Machine learning models can only understand data that is represented numerically, but lots of the columns in our dataset like "town_name" are text _categorical_ data. Meanwhile, many models do better when continous numerical data is within small, consistent ranges, such as all data being between -1, 0 and 1, which is definitely not the case with our thousands of dollars loan units.

So first, we will seperate out our samples (called _X_) into features we'd like to include in our model that are categorical or continous so that we can preprocess each appropriately seperately.

In [9]:
import sklearn # import scikit-learn
from sklearn import preprocessing # import preprocessing utilites

features_cat = ['loan_purpose_name', 'applicant_sex_name']
features_num = ['loan_amount_000s', 'applicant_income_000s']

X_cat = df[features_cat] 
X_num = df[features_num]

### Part 2.A One Hot Encode Categorical Variables
Run the following code to one hot encode the categorical features:

In [10]:
enc = preprocessing.OneHotEncoder()
enc.fit(X_cat) # fit the encoder to categories in our data 
one_hot = enc.transform(X_cat) # transform data into one hot encoded sparse array format

In [11]:
# Finally, put the newly encoded sparse array back into a pandas dataframe so that we can use it
X_cat_proc = pd.DataFrame(one_hot.toarray(), columns=enc.get_feature_names())
X_cat_proc.head()

Unnamed: 0,x0_Home improvement,x0_Home purchase,x0_Refinancing,x1_Female,"x1_Information not provided by applicant in mail, Internet, or telephone application",x1_Male,x1_Not applicable
0,0.0,0.0,1.0,1.0,0.0,0.0,0.0
1,0.0,1.0,0.0,0.0,0.0,1.0,0.0
2,0.0,0.0,1.0,0.0,0.0,1.0,0.0
3,0.0,0.0,1.0,0.0,0.0,1.0,0.0
4,1.0,0.0,0.0,1.0,0.0,0.0,0.0


### Question 2.A: In your own words, how is one hot coding tranforming the categorical data?
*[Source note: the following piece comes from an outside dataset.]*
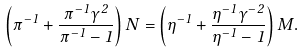Convert formula to latex. <formula><loc_0><loc_0><loc_500><loc_500>\left ( \pi ^ { - 1 } + \frac { \pi ^ { - 1 } \gamma ^ { 2 } } { \pi ^ { - 1 } - 1 } \right ) N = \left ( \eta ^ { - 1 } + \frac { \eta ^ { - 1 } \gamma ^ { - 2 } } { \eta ^ { - 1 } - 1 } \right ) M .</formula>

What does the term "one-hot" refer to?
Answer 2.A: One hot coding indicates the state of the state machine. This process has split the non numerical answers into columns, the columns being multiple choice questions (with option to choose only 1 option) which would have been answered by respondents during data collection. <br><br> 
"one hot" means that among all values (of the non numerical column that has been split) one value is 1 i.e. **hot** and the rest are 0. Similarly, in cases when all values are 1 and one value is 0, 0 is called "one cold".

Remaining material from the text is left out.